→ **What you have to do**
Nothing but the lines from the one containing "Input: the image above." through the end of the data below may appear in the response, each one exact.

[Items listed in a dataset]
*-*-*

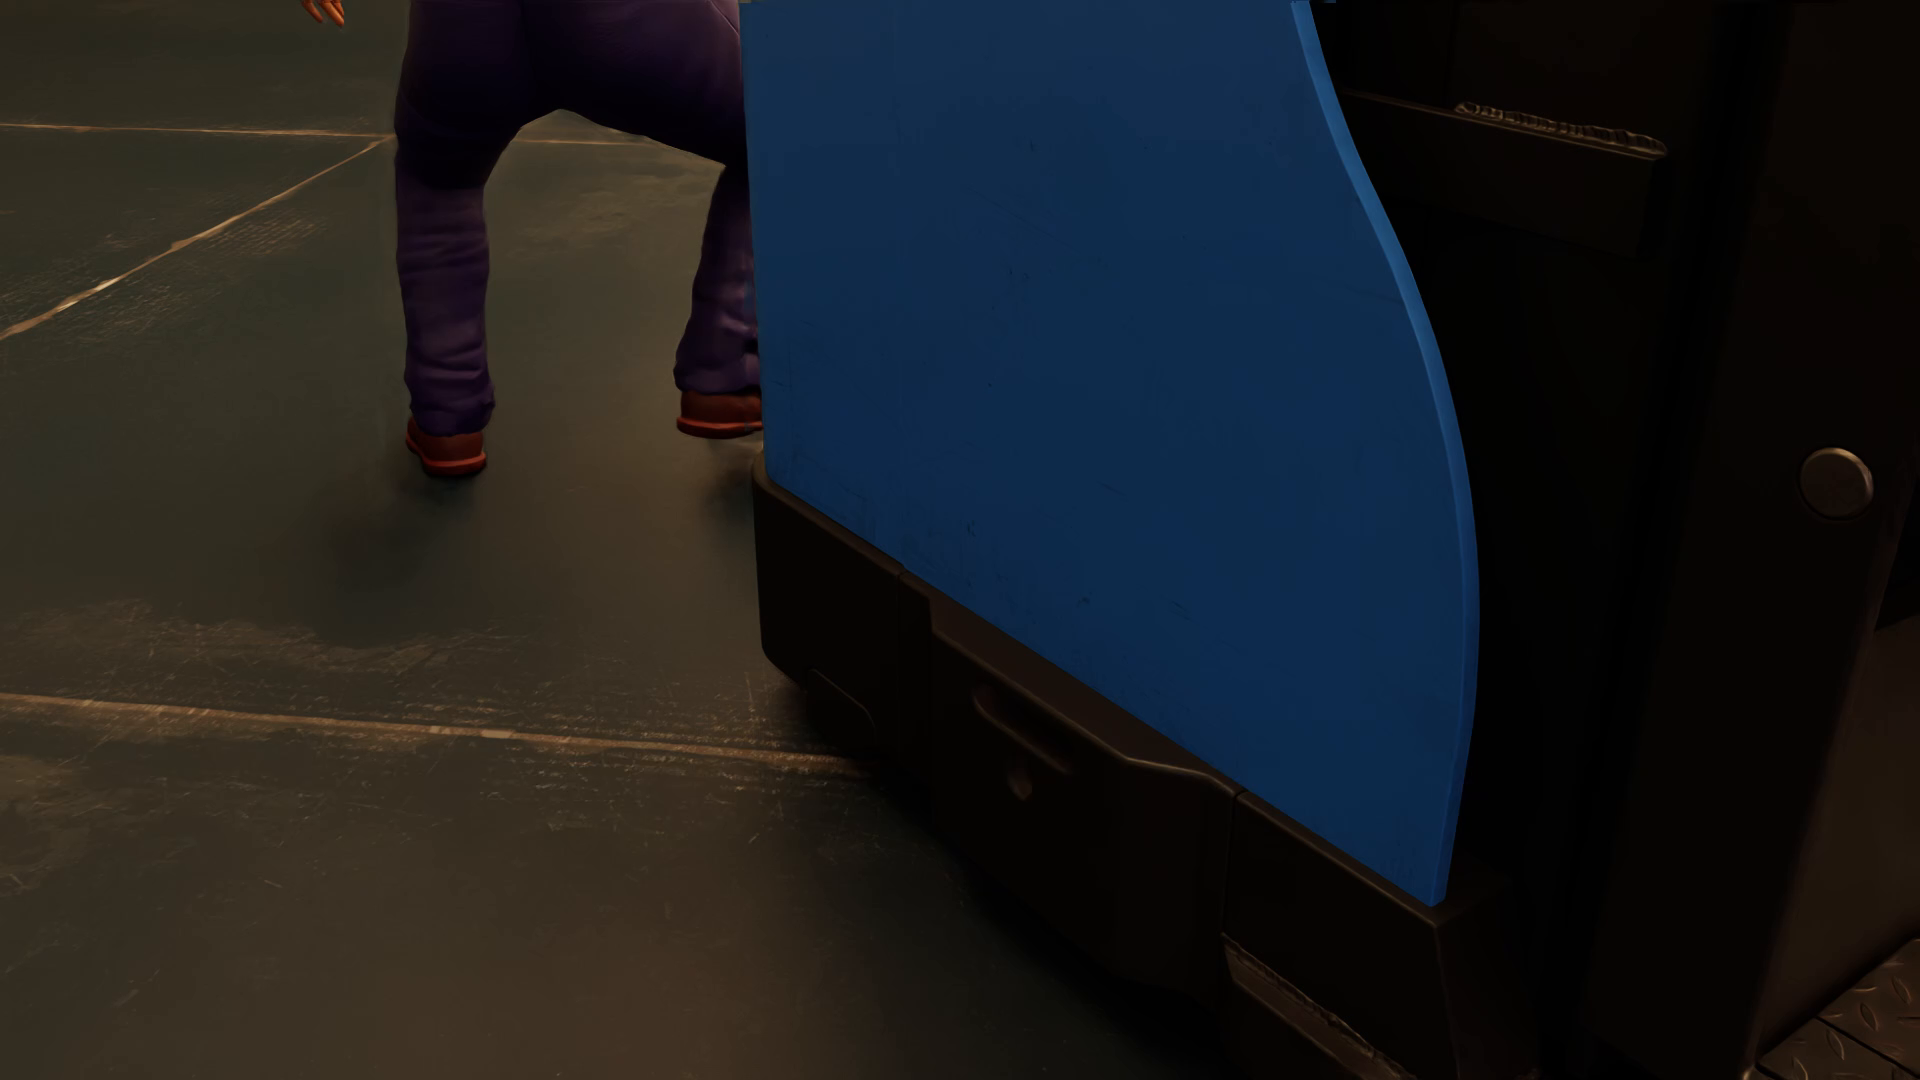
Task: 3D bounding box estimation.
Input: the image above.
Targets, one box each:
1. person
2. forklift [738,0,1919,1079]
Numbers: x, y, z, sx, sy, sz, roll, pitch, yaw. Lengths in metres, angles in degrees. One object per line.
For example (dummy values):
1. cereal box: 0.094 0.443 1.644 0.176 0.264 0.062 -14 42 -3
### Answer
1. person: -0.568 -0.809 2.412 0.868 1.545 0.492 4 27 9
2. forklift: 1.034 -0.730 0.679 1.130 2.935 3.031 -18 32 -32

*-*-*

→ **Completed task**
Input: the image above.
Targets, one box each:
1. person
2. forklift [738,0,1919,1079]
Numbers: x, y, z, sx, sy, sz, roll, pitch, yaw. Lengths in metres, angles in degrees. One object per line.
For example (dummy values):
1. cereal box: 0.094 0.443 1.644 0.176 0.264 0.062 -14 42 -3
### Answer
1. person: -0.568 -0.809 2.412 0.868 1.545 0.492 4 27 9
2. forklift: 1.034 -0.730 0.679 1.130 2.935 3.031 -18 32 -32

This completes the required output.